2) Otro más teológico: R. Ferrara y C. Mª. Galli (ed.), Presente y futuro de la teología en Argentina. Homenaje a Lucio Gera [Buenos Aires, Paulinas, 1997]

3) Y un número especial de la revista Nuevo Mundo que intercala textos, estudios, reportajes y testimonios de su obrra: Ministerio peregrino y mendicante. Lucio Gera, 50 años de sacerdocio. Introducción. I. Retrato. II. Su palabra. III. Recepción y fecundidad. IV. Vinculaciones(Nuevo Mundo 55 [1998], pp. 5-154).
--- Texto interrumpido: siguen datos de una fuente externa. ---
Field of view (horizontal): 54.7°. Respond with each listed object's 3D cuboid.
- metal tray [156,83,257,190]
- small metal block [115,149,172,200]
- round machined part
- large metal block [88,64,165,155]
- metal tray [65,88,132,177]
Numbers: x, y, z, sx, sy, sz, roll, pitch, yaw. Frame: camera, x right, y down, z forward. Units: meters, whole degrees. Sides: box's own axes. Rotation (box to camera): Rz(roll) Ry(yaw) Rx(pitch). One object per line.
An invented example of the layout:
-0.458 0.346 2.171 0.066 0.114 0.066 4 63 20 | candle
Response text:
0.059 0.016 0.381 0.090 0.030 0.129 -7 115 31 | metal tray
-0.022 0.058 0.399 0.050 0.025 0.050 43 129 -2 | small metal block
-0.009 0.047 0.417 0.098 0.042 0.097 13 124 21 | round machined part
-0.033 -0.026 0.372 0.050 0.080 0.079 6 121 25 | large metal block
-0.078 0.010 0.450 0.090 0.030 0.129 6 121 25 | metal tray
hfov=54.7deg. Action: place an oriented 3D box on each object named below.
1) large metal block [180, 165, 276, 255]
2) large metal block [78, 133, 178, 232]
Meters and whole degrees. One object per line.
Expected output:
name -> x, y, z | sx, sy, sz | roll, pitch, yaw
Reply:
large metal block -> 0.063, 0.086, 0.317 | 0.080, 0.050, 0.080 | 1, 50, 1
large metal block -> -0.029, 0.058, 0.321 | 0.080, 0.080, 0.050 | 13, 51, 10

— Se ha comenzado también la publicación de sus textos selectos:
a. V. R. Azcuy, C. Mª. Galli y M. González (ed.), Escritos teológicos pastorales de Lucio Gera. 1. Del Preconcilio a la Conferencia de Puebla (1956-1981) [Buenos Aires, Ágape Libros y Publicaciones de la Facultad de Teología, 2006].
b. Id., De la conferencia de Puebla a nuestros días (1982-2007) (Buenos Aires, Ágape 2007)
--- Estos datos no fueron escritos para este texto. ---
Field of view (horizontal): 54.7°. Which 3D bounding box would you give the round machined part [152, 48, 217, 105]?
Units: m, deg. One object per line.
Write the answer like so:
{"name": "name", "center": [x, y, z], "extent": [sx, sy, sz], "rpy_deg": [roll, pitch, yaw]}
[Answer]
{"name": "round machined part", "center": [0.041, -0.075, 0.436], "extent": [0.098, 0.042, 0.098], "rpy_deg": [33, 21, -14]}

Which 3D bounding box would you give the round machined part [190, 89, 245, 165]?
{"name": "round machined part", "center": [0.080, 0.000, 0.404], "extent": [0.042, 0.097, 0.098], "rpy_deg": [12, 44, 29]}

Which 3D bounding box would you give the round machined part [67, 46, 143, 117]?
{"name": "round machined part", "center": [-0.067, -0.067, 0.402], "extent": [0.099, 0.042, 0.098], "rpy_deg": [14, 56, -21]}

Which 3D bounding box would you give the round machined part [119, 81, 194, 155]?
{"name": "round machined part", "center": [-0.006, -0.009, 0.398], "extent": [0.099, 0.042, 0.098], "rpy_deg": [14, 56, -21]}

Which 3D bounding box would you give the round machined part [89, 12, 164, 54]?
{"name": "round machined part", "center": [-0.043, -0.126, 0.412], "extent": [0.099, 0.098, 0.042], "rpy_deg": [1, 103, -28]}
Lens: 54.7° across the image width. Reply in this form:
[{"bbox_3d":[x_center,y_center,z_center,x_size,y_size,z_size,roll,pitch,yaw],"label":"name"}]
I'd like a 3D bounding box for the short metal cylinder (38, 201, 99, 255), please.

La noticia de su muerte me la ha comunicado Gaciela Moranchen:

Termino de recibir esta noticia del fallecimiento del padre Lucio Gera, uno de los más grandes “maestros” de la teología argentina, pero sobre todo un hombre “santo” y “amigo” de quienes nos consideramos sus “humildes discípulos”. Quería compartirte esta noticia, porque seguramente lo conocés.

Ella añade, citando un pasaje esencial de la vida de Lucio Gera:

En este dia tan especial para todos los teólogos argentinos, en que celebramos la configuración definitiva del padre Lucio Gera con Cristo, quiero regalarte uno de sus escritos que siempre me ha impactado. Es un texto simple. Es como un “testamento”. Es más bien una pregunta, un interrogante que tal vez todo cristiano espiritualmente “inquieto” debería formularse cada día. Un texto “místico”, si se quiere, nacido de quien albergaba grandes anhelos de encuentro y comunión con quien era el “Centro” absoluto de su existencia:Cristo.
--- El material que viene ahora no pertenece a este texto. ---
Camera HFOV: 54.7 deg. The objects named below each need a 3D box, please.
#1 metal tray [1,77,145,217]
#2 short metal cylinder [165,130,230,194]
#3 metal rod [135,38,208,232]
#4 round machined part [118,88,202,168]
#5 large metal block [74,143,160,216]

Pero la pregunta comenzó entonces a cobrar una hondura especial y venía acompañada de un cierto estremecimiento. Es comprensible. Yo había ya llegado a una edad en la que, mirando hacia atrás, y al ver mi vida ya casi completada, podía decirme que, por ser cristiano y sacerdote, había entregado toda mi vida a Cristo. Con todas mis pequeñas y grandes infidelidades; pero aun así, la había entregado y permanecía en mi entrega. Y no es de poca monta entregarle la propia vida a alguien. Si de joven estuvo cargada de inicial entusiasmo la entrega de una vida que aún era futura, de anciano, la conciencia viene penetrada de la sorpresa de haberla ya entregado.

Era obvio entonces que comenzara a ahondarse en mí la pregunta: ¿Quién es este Cristo a quien he entregado mi vida? Por otra parte, el hecho de que mi vida se acercara a su propio límite, llevaba a pensar que Cristo estaba más cercano aún cronológicamente, por así decirlo, que en cualquier otro momento de mi vida. Bastaría con dar un paso y cruzar el tenue velo que la separa del más allá, y encontrarme allí cara a cara con Cristo. Se me hacía que, como el viejo Simeón, era urgente reconocer al que había de venir con mayor profundidad e intimidad, antes de que cruzara esa barrera.
Y no era tan solo un pregunta, sino también una admiración, una sorpresa: ¡Quién es este Cristo, a quien he entregado mi vida y con quien he de encontrarme!…”.

(GERA, L., “Presentación” en PIRONIO, E., “¿Quién eres Tú?”, PPC, Madrid 2002, citado en AZCUY, V.-GALLI, C.M.-GONZÁLEZ, M., Escritos Teológico-Pastorales de Lucio Gera. 1. Del Preconcilio a la Conferencia de Puebla (1956-1981), Bs. As. 2006, Tomo 1, 56-57).

Querido Lucio, un gran abrazo, desde este lado, en el que sigo compartiendo tu pasión por el evangelio.

ANEJO

“La Iglesia presenta el anhelo de los pueblos”
Reportaje a Lucio Gera
Autor: Oscar Campana

http://www.san-pablo.com.ar/vidapastoral/?seccion=articulos&id=12

Los desafíos e interrogantes que el presente y el futuro plantean a la pastoral de la Iglesia en Argentina, son desgranados en este reportaje por el padre Lucio Gera, padre de varias generaciones de teólogos argentinos y testigo de importantes momentos de la vida de la Iglesia, tanto a nivel internacional como latinoamericano y argentino.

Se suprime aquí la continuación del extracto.